Running Terms for Supplements and Stations

  1. Gels – Quick source of carbohydrate energy that comes in individual packets. Runners typically eat one every 30 to 45 minutes during a race.
  2. Glycogen – Long carbohydrate molecules that are made and stored primarily in the cells of the liver and the muscles. Glycogen is the secondary long-term energy source.
  3. Carb loading – Period of time prior to a race when runners cut back on proteins and fats and increase their carbohydrates to increase glycogen storage.
  4. Fuel – Fuel can come from different sources such as gels, food and electrolyte replacement drinks.
  5. Buffet – Ultra running aid station.
  6. Aid station – Station during a race where water, gels, electrolyte drinks and/or food are given to runners.
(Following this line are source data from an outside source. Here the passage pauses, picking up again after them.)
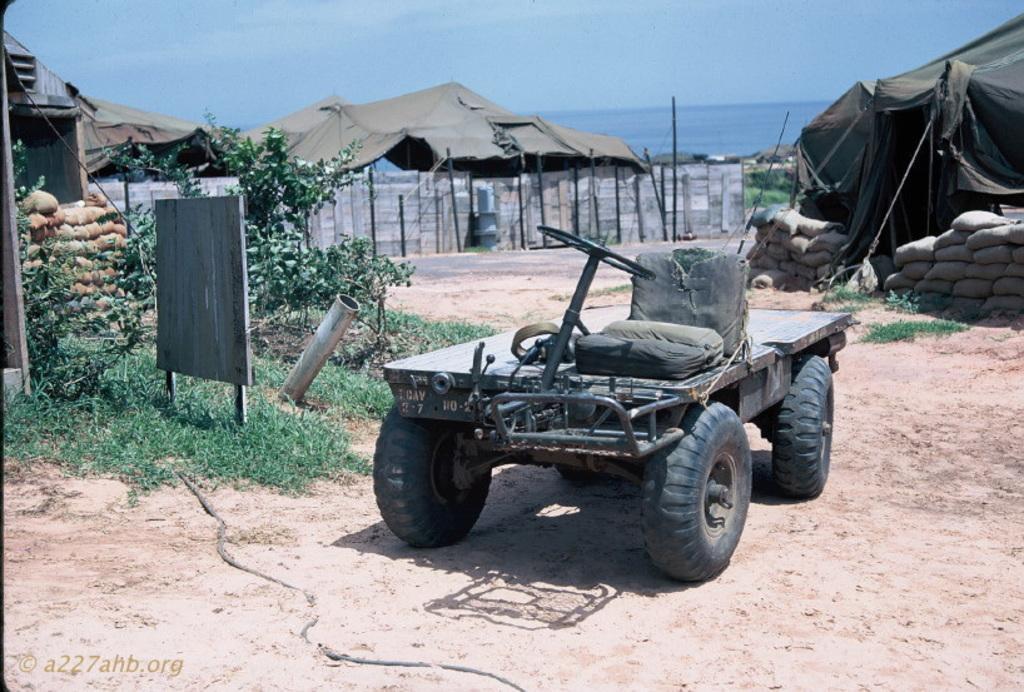Could you give a brief overview of what you see in this image? In this image I can see a vehicle on which there are 2 bags. There are plants, board and sacks on the left. There are many sacks and a tent on the right. There is a tent in the center and there is water behind it. There is sky at the top. 
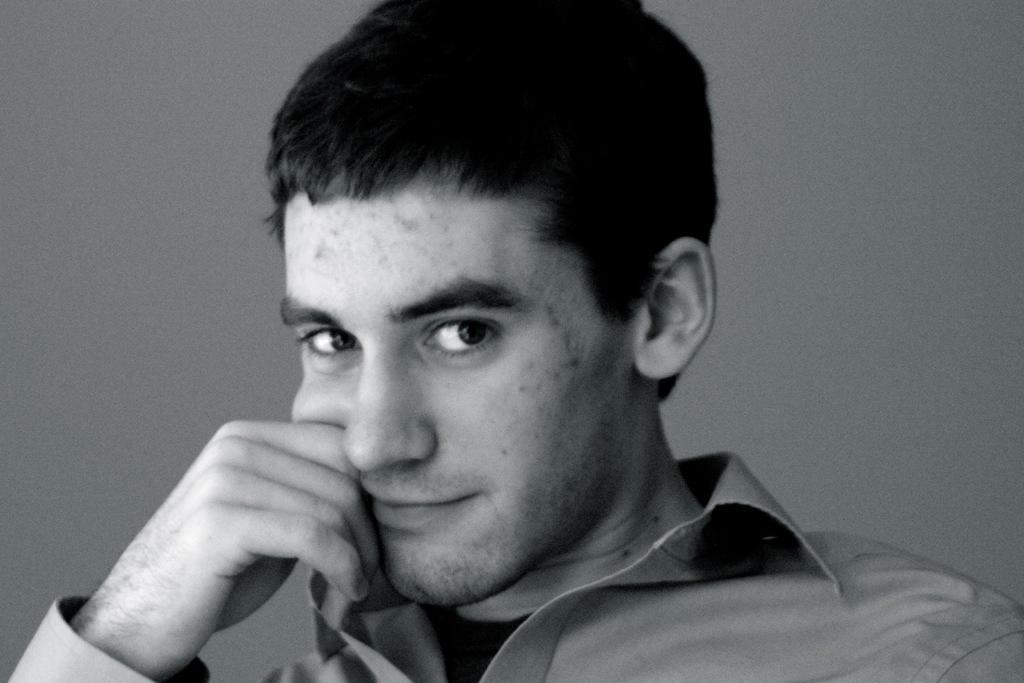Who is present in the image? There is a man in the image. What is the man wearing? The man is wearing a gray shirt. What can be seen in the background of the image? The background of the image is gray in color. What is the spark rate of the patch on the man's shirt in the image? There is no spark or patch present on the man's shirt in the image. 
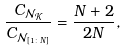<formula> <loc_0><loc_0><loc_500><loc_500>\frac { C _ { \mathcal { N } _ { \mathcal { K } } } } { { C } _ { \mathcal { N } _ { [ 1 \colon N ] } } } = \frac { N + 2 } { 2 N } ,</formula>

Running Terms for Injuries

  1. Chafe – Chaffing happens around the armpits or between the legs when the skin becomes irritated from friction.
  2. Chapped – When the insides of your legs become painful with a burning sensation due to the friction of repetitive motion. There are many other similar running terms to describe this, but chapping and chaffing are the most common.
  3. Dead toes – Maybe the most painful running terms. Dead toenails that have turned black and have blisters.
  4. Runner’s knee – Knee pain around the kneecap. Usually more noticeable when squatting or bending.
  5. Runners toes – Black toenails or toes that have lost nails due to the pressure and repetitive friction of shoes on the toes.
  6. RICE – Rest, Ice, Compression, Elevate. To help recover from injury.
  7. DOMS – Delayed onset muscle soreness. This is the soreness that sets in days after training or racing. Some specially designed supplement formulas help decrease this.
  8. Bloody nipples – Occurrence that happens when the friction from a shirt and the nipple rub together over a long race.
  9. IT Band – Band on the outside of the knee that can cause pain with overuse (also known as Iliotibial band).
  10. Runners trots – Having an upset stomach and needing to have a bowel movement during a race. This is one of those running terms that would only make sense to a runner who has experienced it.
  11. Lactic Acid – Acid byproduct of metabolism that builds up in muscles and blood during intense exercise. It is noticed when muscles begin to burn and/or ache, and can also result in a feeling of breathlessness or tachycardia.
  12. Stitch – Side ache. Stitches usually go away with some slower, deeper breathing.